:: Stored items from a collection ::
►
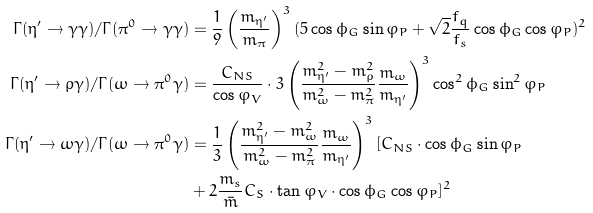<formula> <loc_0><loc_0><loc_500><loc_500>\Gamma ( \eta ^ { \prime } \rightarrow \gamma \gamma ) / \Gamma ( \pi ^ { 0 } \rightarrow \gamma \gamma ) & = \frac { 1 } { 9 } \left ( \frac { m _ { \eta ^ { \prime } } } { m _ { \pi } } \right ) ^ { 3 } ( 5 \cos \phi _ { G } \sin \varphi _ { P } + \sqrt { 2 } \frac { f _ { q } } { f _ { s } } \cos \phi _ { G } \cos \varphi _ { P } ) ^ { 2 } \\ \Gamma ( \eta ^ { \prime } \rightarrow \rho \gamma ) / \Gamma ( \omega \rightarrow \pi ^ { 0 } \gamma ) & = \frac { C _ { N S } } { \cos \varphi _ { V } } \cdot 3 \left ( \frac { m _ { \eta ^ { \prime } } ^ { 2 } - m _ { \rho } ^ { 2 } } { m _ { \omega } ^ { 2 } - m _ { \pi } ^ { 2 } } \frac { m _ { \omega } } { m _ { \eta ^ { \prime } } } \right ) ^ { 3 } \cos ^ { 2 } \phi _ { G } \sin ^ { 2 } \varphi _ { P } \\ \Gamma ( \eta ^ { \prime } \rightarrow \omega \gamma ) / \Gamma ( \omega \rightarrow \pi ^ { 0 } \gamma ) & = \frac { 1 } { 3 } \left ( \frac { m _ { \eta ^ { \prime } } ^ { 2 } - m _ { \omega } ^ { 2 } } { m _ { \omega } ^ { 2 } - m _ { \pi } ^ { 2 } } \frac { m _ { \omega } } { m _ { \eta ^ { \prime } } } \right ) ^ { 3 } [ C _ { N S } \cdot \cos \phi _ { G } \sin \varphi _ { P } \\ & + 2 \frac { m _ { s } } { \bar { m } } C _ { S } \cdot \tan \varphi _ { V } \cdot \cos \phi _ { G } \cos \varphi _ { P } ] ^ { 2 }</formula> 
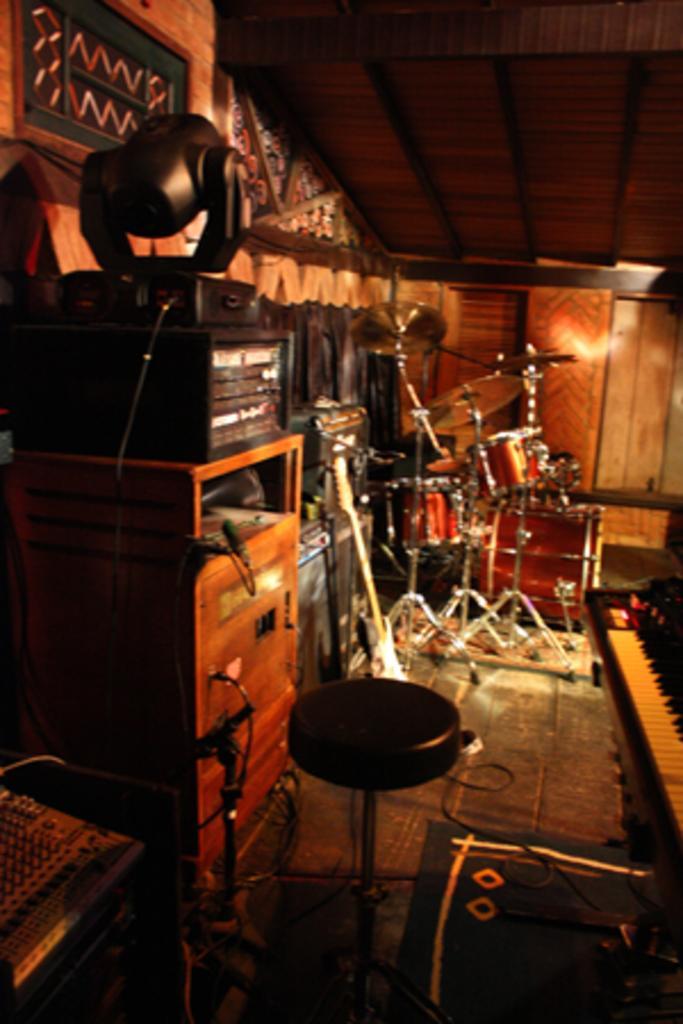How would you summarize this image in a sentence or two? This picture shows a musical instruments placed here and a sound system. Some lights here. 
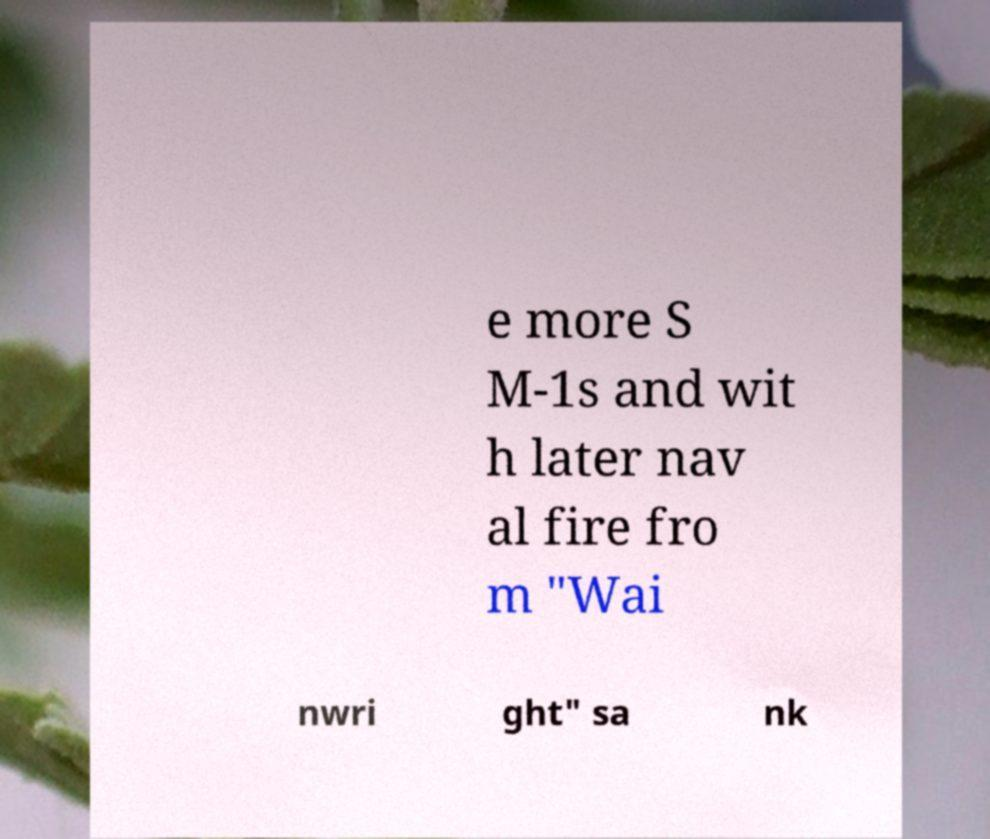Could you assist in decoding the text presented in this image and type it out clearly? e more S M-1s and wit h later nav al fire fro m "Wai nwri ght" sa nk 
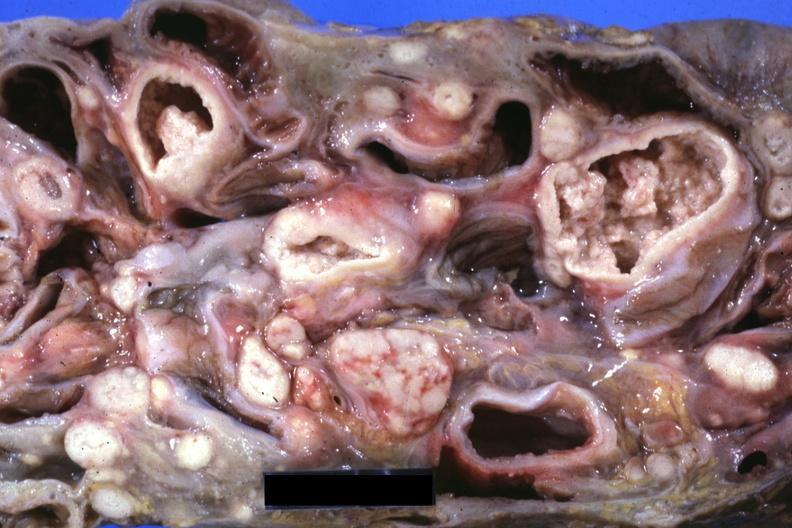how does this image show slice?
Answer the question using a single word or phrase. Through mass of intestines and mesenteric nodes showing lesions that look more like carcinoma but are in fact tuberculosis 
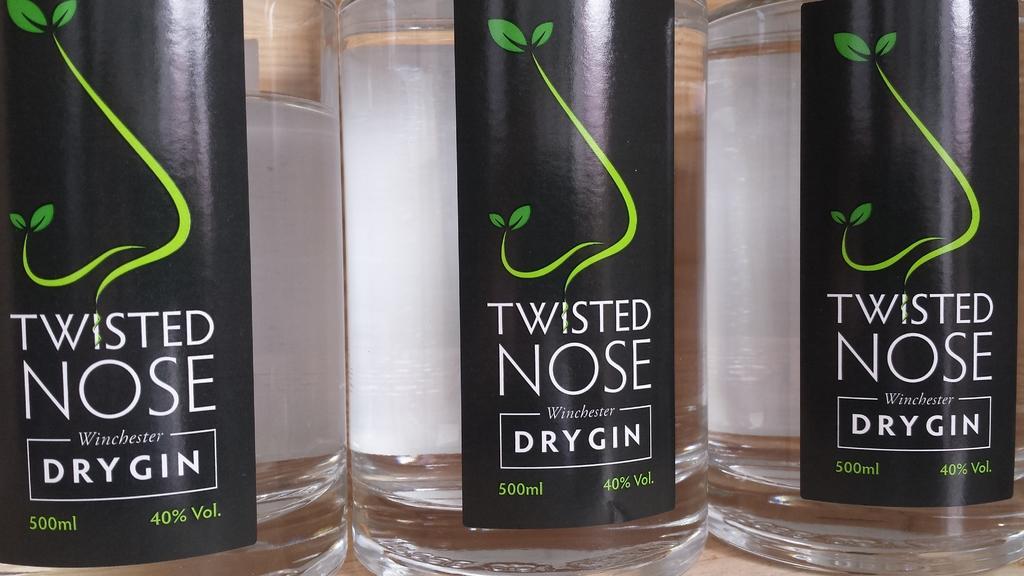How would you summarize this image in a sentence or two? In this picture there are three glass bottles and the bottles is covered with a sticker and the sticker is in black color. On the sticker there are leaves and the bottle is consists of 500 ml.
◄
:: BRIEF ::
Transcribe every record above exactly, leaving out the pictures.

:: SOLUTION TO THIS EXERCISE ::
<formula> <loc_0><loc_0><loc_500><loc_500>\Gamma ( \eta ^ { \prime } \rightarrow \gamma \gamma ) / \Gamma ( \pi ^ { 0 } \rightarrow \gamma \gamma ) & = \frac { 1 } { 9 } \left ( \frac { m _ { \eta ^ { \prime } } } { m _ { \pi } } \right ) ^ { 3 } ( 5 \cos \phi _ { G } \sin \varphi _ { P } + \sqrt { 2 } \frac { f _ { q } } { f _ { s } } \cos \phi _ { G } \cos \varphi _ { P } ) ^ { 2 } \\ \Gamma ( \eta ^ { \prime } \rightarrow \rho \gamma ) / \Gamma ( \omega \rightarrow \pi ^ { 0 } \gamma ) & = \frac { C _ { N S } } { \cos \varphi _ { V } } \cdot 3 \left ( \frac { m _ { \eta ^ { \prime } } ^ { 2 } - m _ { \rho } ^ { 2 } } { m _ { \omega } ^ { 2 } - m _ { \pi } ^ { 2 } } \frac { m _ { \omega } } { m _ { \eta ^ { \prime } } } \right ) ^ { 3 } \cos ^ { 2 } \phi _ { G } \sin ^ { 2 } \varphi _ { P } \\ \Gamma ( \eta ^ { \prime } \rightarrow \omega \gamma ) / \Gamma ( \omega \rightarrow \pi ^ { 0 } \gamma ) & = \frac { 1 } { 3 } \left ( \frac { m _ { \eta ^ { \prime } } ^ { 2 } - m _ { \omega } ^ { 2 } } { m _ { \omega } ^ { 2 } - m _ { \pi } ^ { 2 } } \frac { m _ { \omega } } { m _ { \eta ^ { \prime } } } \right ) ^ { 3 } [ C _ { N S } \cdot \cos \phi _ { G } \sin \varphi _ { P } \\ & + 2 \frac { m _ { s } } { \bar { m } } C _ { S } \cdot \tan \varphi _ { V } \cdot \cos \phi _ { G } \cos \varphi _ { P } ] ^ { 2 }</formula> 
How would you summarize this image in a sentence or two? This picture shows a musical instruments placed here and a sound system. Some lights here. 
Could you assist in decoding the text presented in this image and type it out clearly? e more S M-1s and wit h later nav al fire fro m "Wai nwri ght" sa nk 
how does this image show slice?
Answer the question using a single word or phrase. Through mass of intestines and mesenteric nodes showing lesions that look more like carcinoma but are in fact tuberculosis 
How would you summarize this image in a sentence or two? In this picture there are three glass bottles and the bottles is covered with a sticker and the sticker is in black color. On the sticker there are leaves and the bottle is consists of 500 ml.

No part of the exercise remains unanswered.